= Philip of Aunay =

Philip of Aunay or Aulnay (Philippe d'Aunay or d'Aulnay) (c. 1290/93 – 19 April 1314, Pontoise), was a Norman knight implicated in a French royal scandal known as the Tour de Nesle affair.

== Biography ==
In the court of Philip IV of France, Philip of Aunay was the equerry to the king's younger brother Charles of Valois, and his older brother Walter of Aunay (also known as Gautier) was equerry to Philip, the king's second son. Philip and Gautier were implicated in what would later be known as the Tour de Nesle affair, in which the king's three daughters-in-law were accused of adultery. Philip was accused of adultery with Margaret of Burgundy, wife of the king's eldest son, Louis, and Gautier was linked to Blanche of Burgundy, wife of the king's youngest son, Charles. The brothers were tortured at the Place du Grand Martroy in Pontoise. Both confessed to adultery and were found guilty, therefore, of lèse-majesté. They were beaten and skinned alive, emasculated, covered in boiling lead sulfite, then decapitated, dragged through the streets, and hanged on the gallows, decaying over weeks.

== Family ==
Philip was the younger son of Walter V of Aunay (who died after 1318/c. 1325), who was lord of Moussy-le-Neuf and of Grand-Moulin. His two brothers were Walter of Aunay (also known as Gautier) and Walter of Aunay the Young, lord of Savigny who had two sons: Reginald and Perceval of Aunay.

Philip was married to Agnes of Montmorency, granddaughter of Matthew III of Montmorency:

- Philip II "the Welsh" (d. before 1392), lord of Grand-Moulin and of Villeron, butler of the Kings Charles V and Charles VI, of Charles I of Montmorency and of John, count of Poitiers. He was governor of the city of Meaux.

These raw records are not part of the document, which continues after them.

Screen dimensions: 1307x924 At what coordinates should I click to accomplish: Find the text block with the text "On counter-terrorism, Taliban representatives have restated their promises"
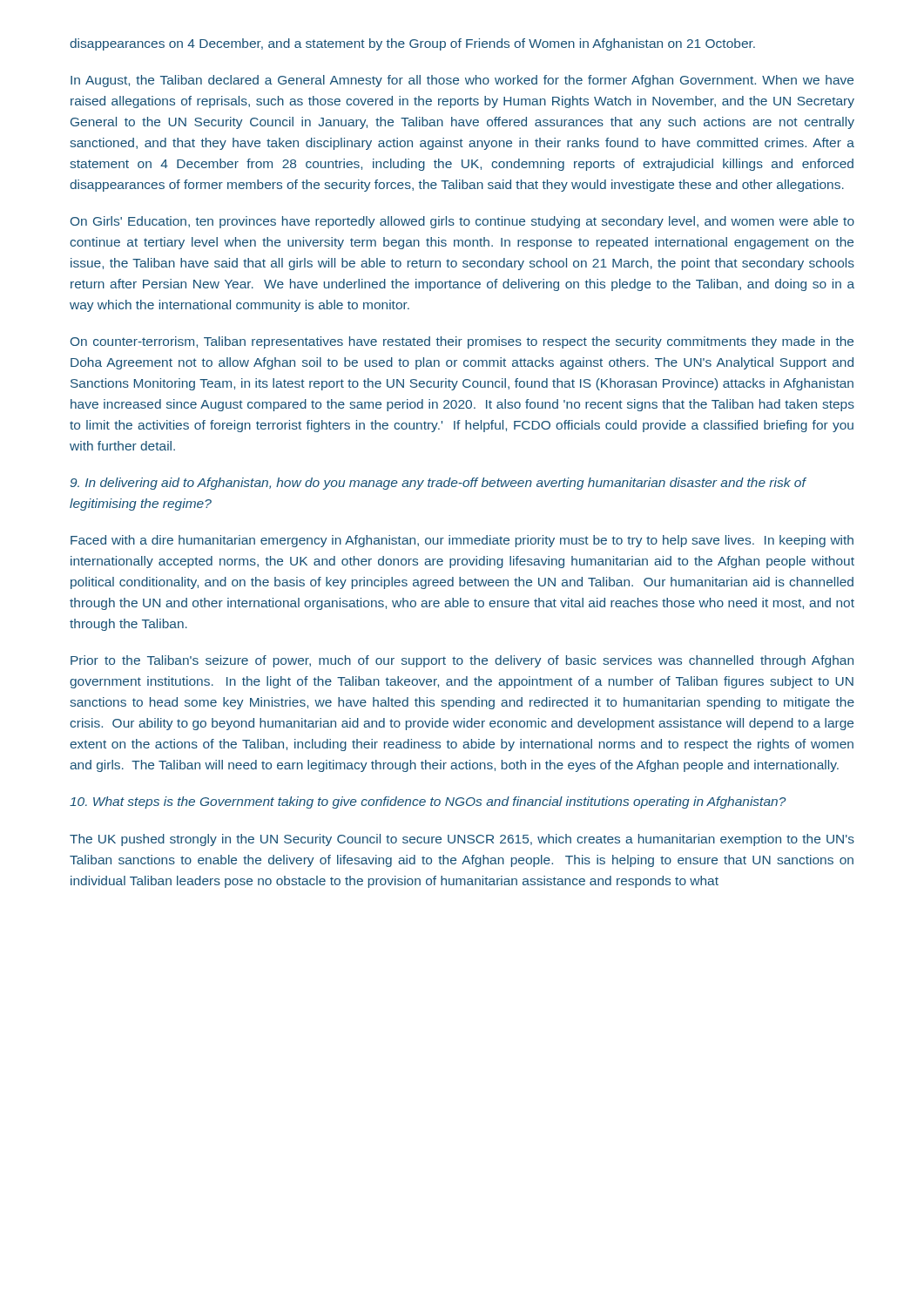coord(462,394)
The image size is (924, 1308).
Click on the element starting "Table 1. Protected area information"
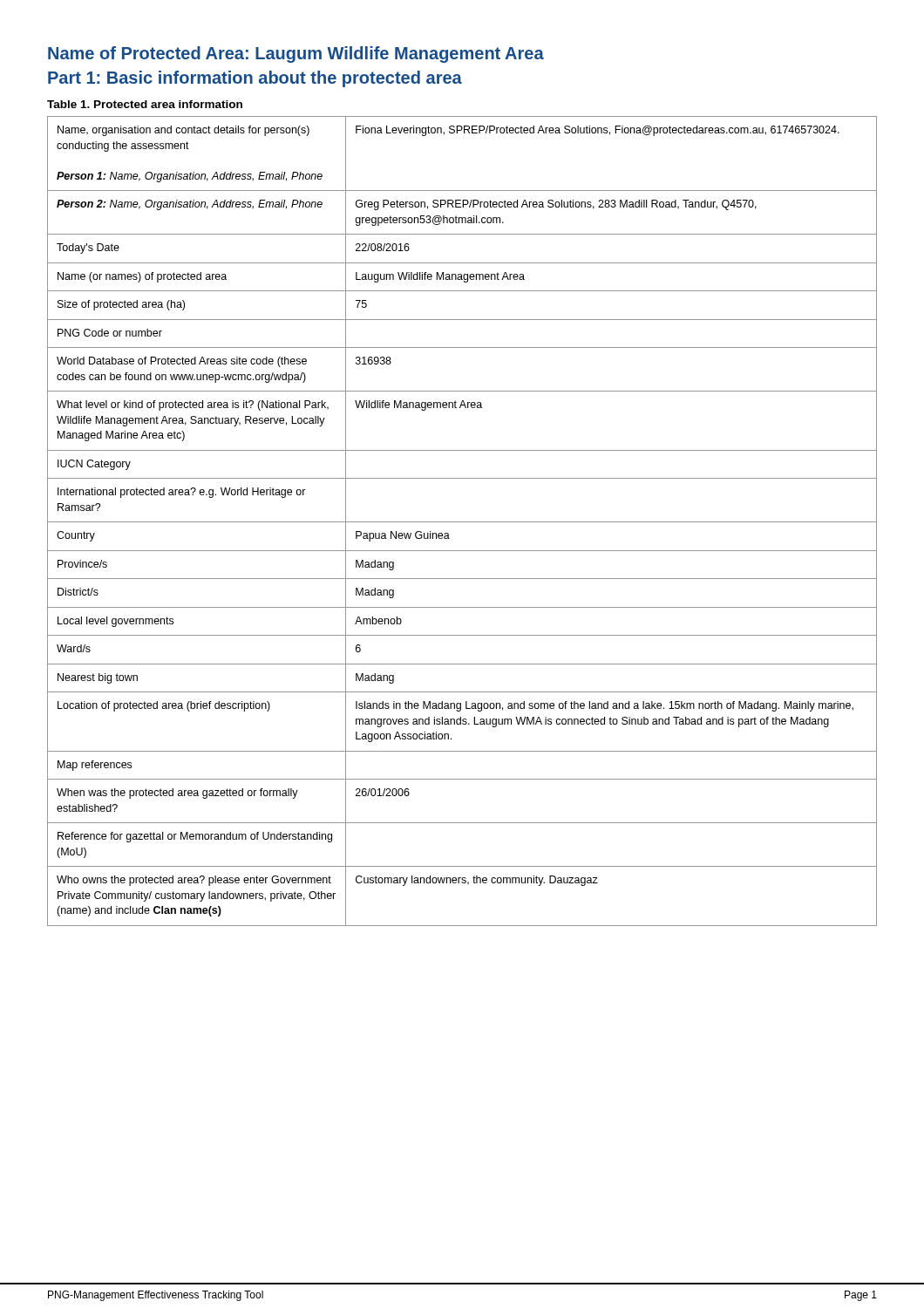(145, 104)
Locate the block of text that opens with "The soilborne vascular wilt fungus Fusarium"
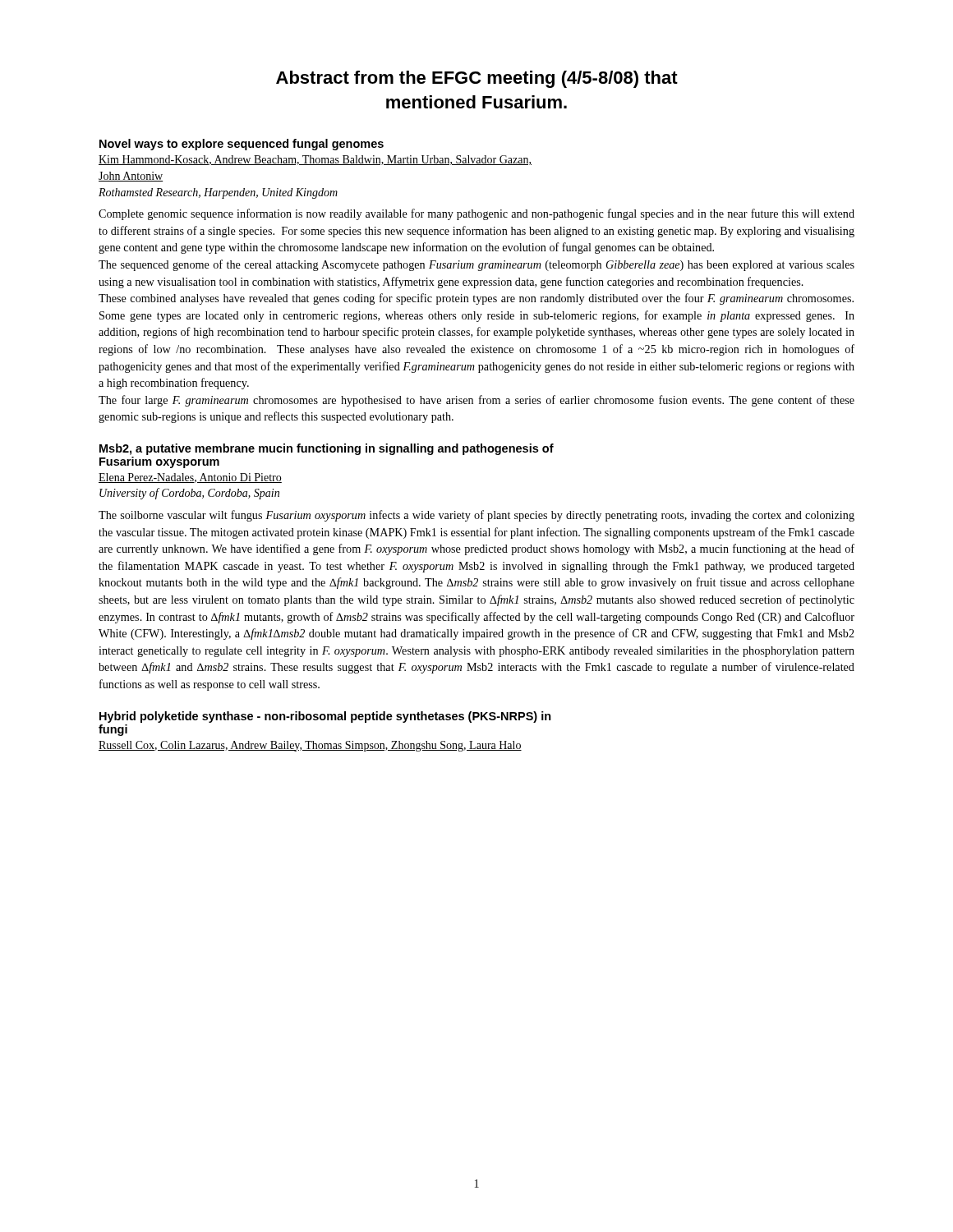953x1232 pixels. 476,600
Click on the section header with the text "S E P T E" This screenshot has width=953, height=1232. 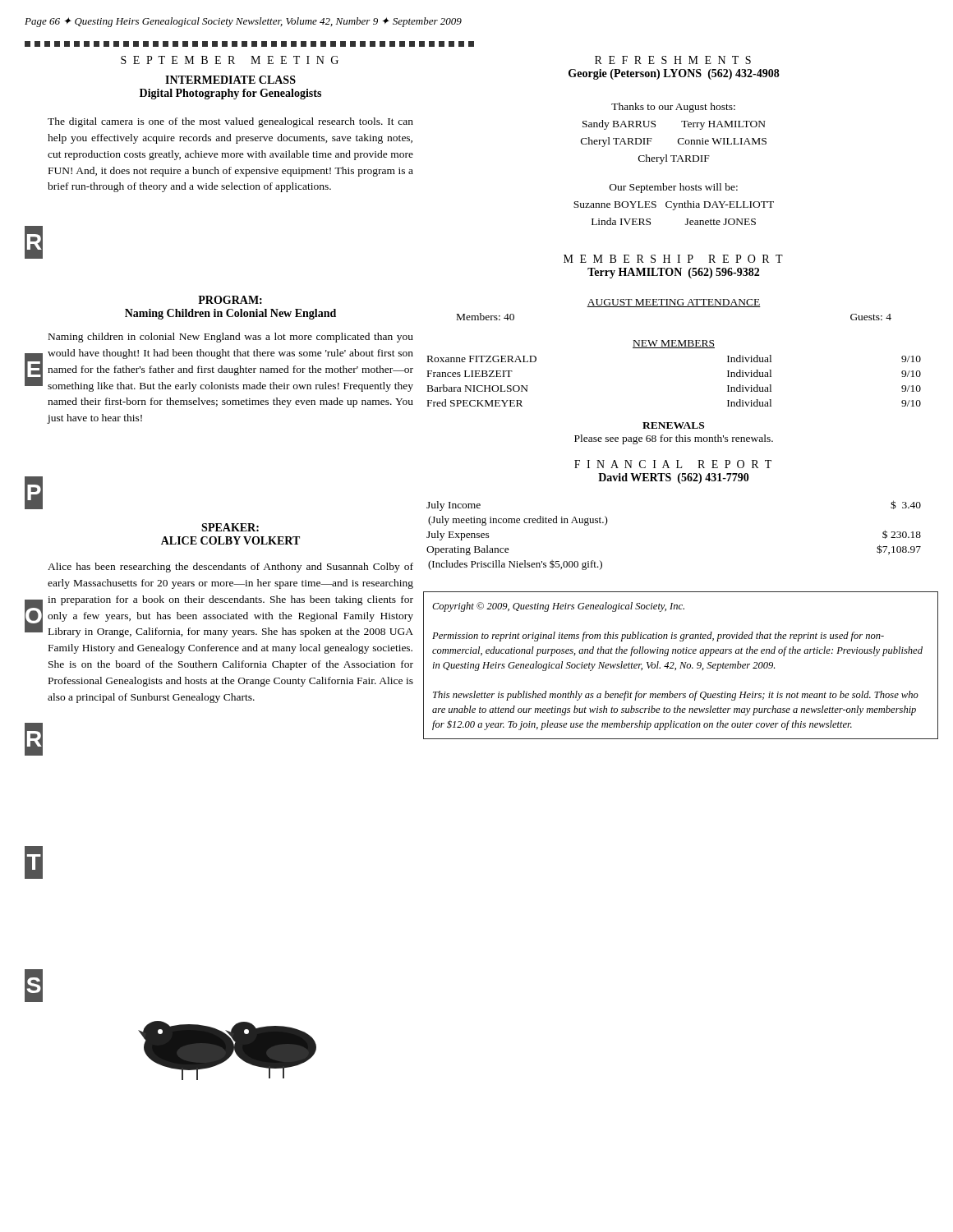pos(230,60)
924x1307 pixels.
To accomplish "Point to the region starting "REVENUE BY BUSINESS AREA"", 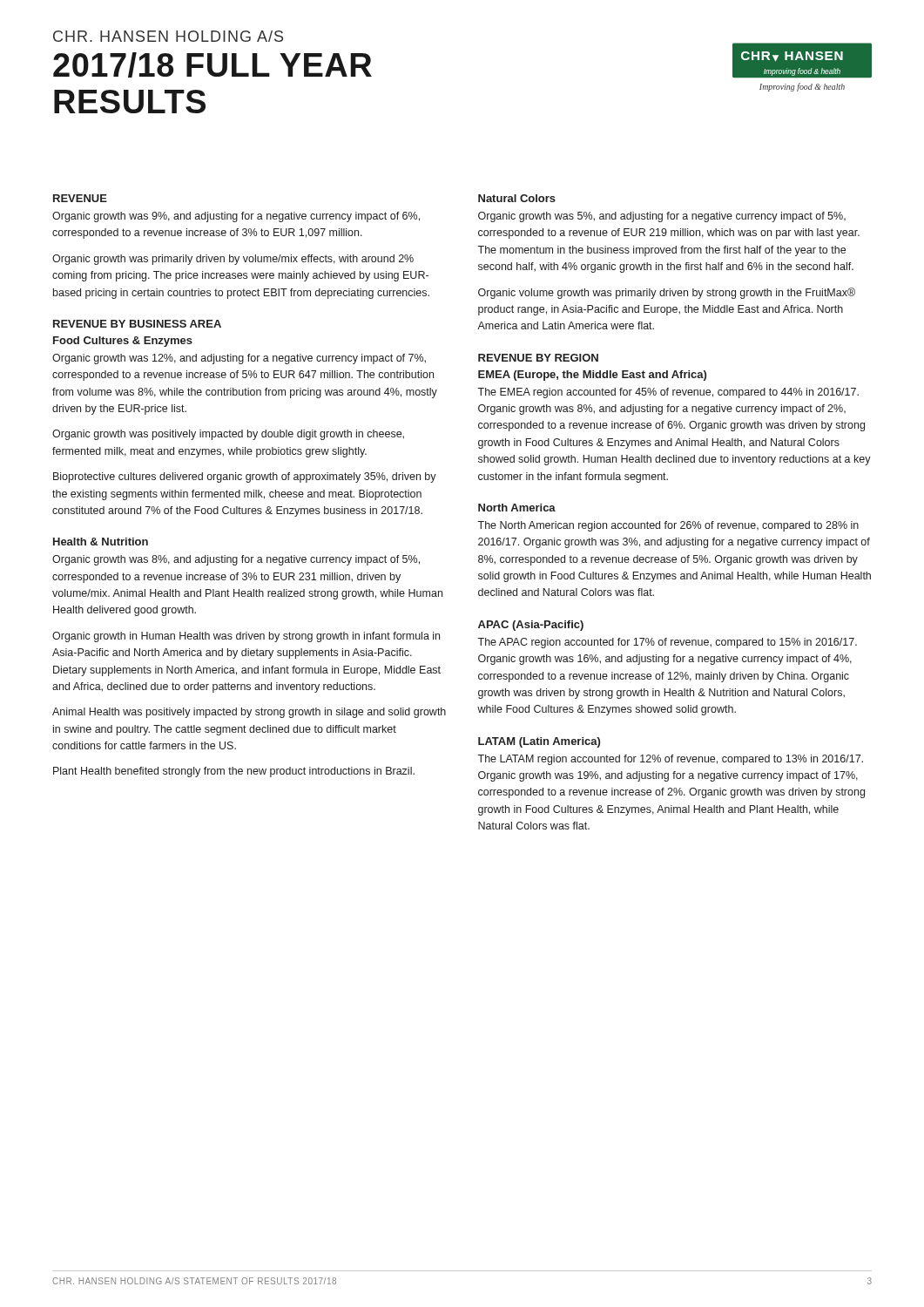I will point(137,324).
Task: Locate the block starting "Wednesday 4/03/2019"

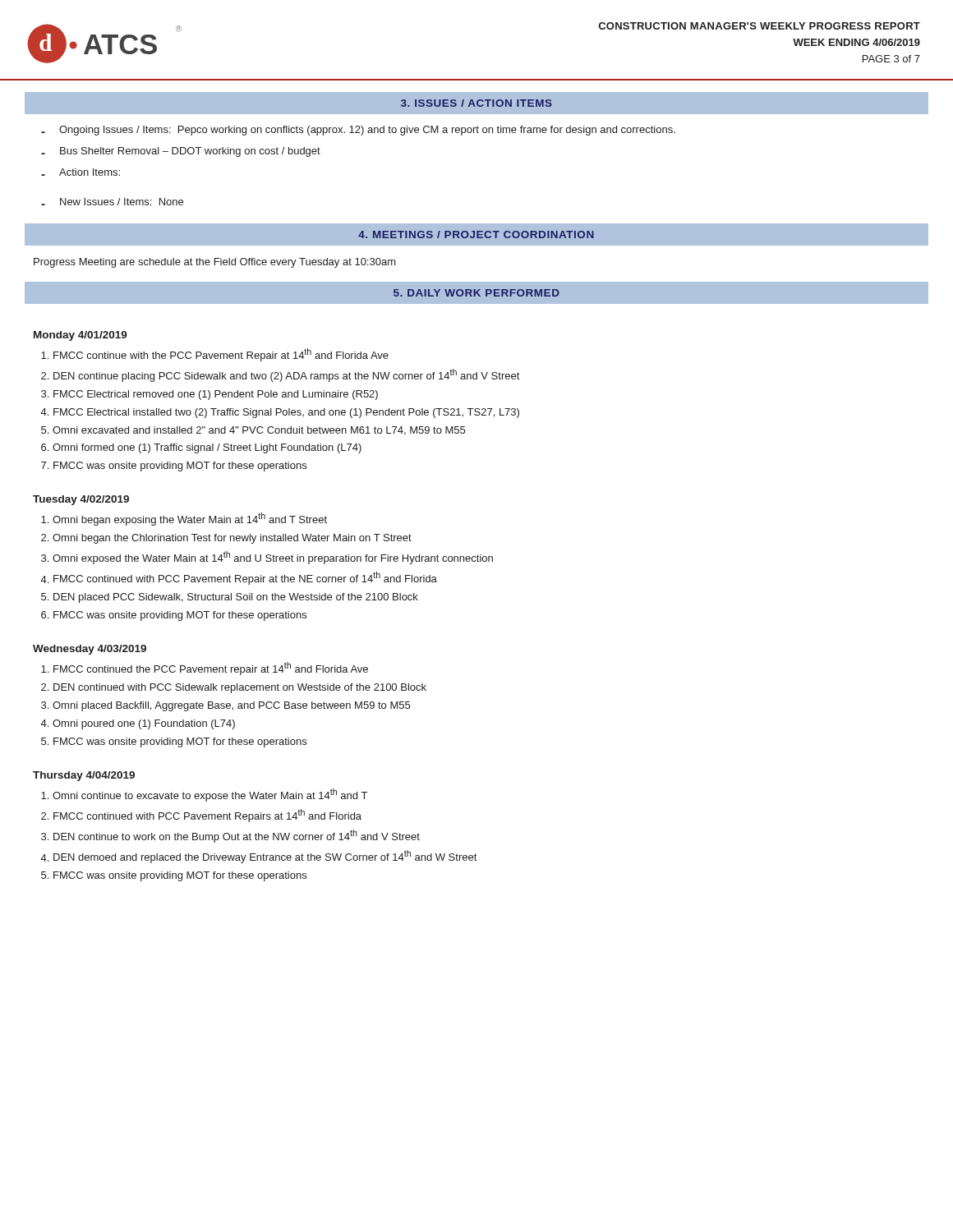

He left several legitimate children: Joanne, Margaret and Robert (about 1365 to 1414), and two legitimized children: John the Bastard of Aunay and Joanne of Aunay the Young;
- Peter, captain of the city of Meaux
- John of Aunay "the Welsh"
- Margaret of Aunay

== Fiction ==
- In Tower of Lust, directed by Abel Gance, the character of Philipp is played by Jacques Toja.
- In Les Rois maudits (The Cursed Kings) (TV, 1972) by Claude Barma, he is played by Patrick Lancelot.
- In Les Rois maudits (TV, 2005), by Josée Dayan, he is played by Silvio Otteanu.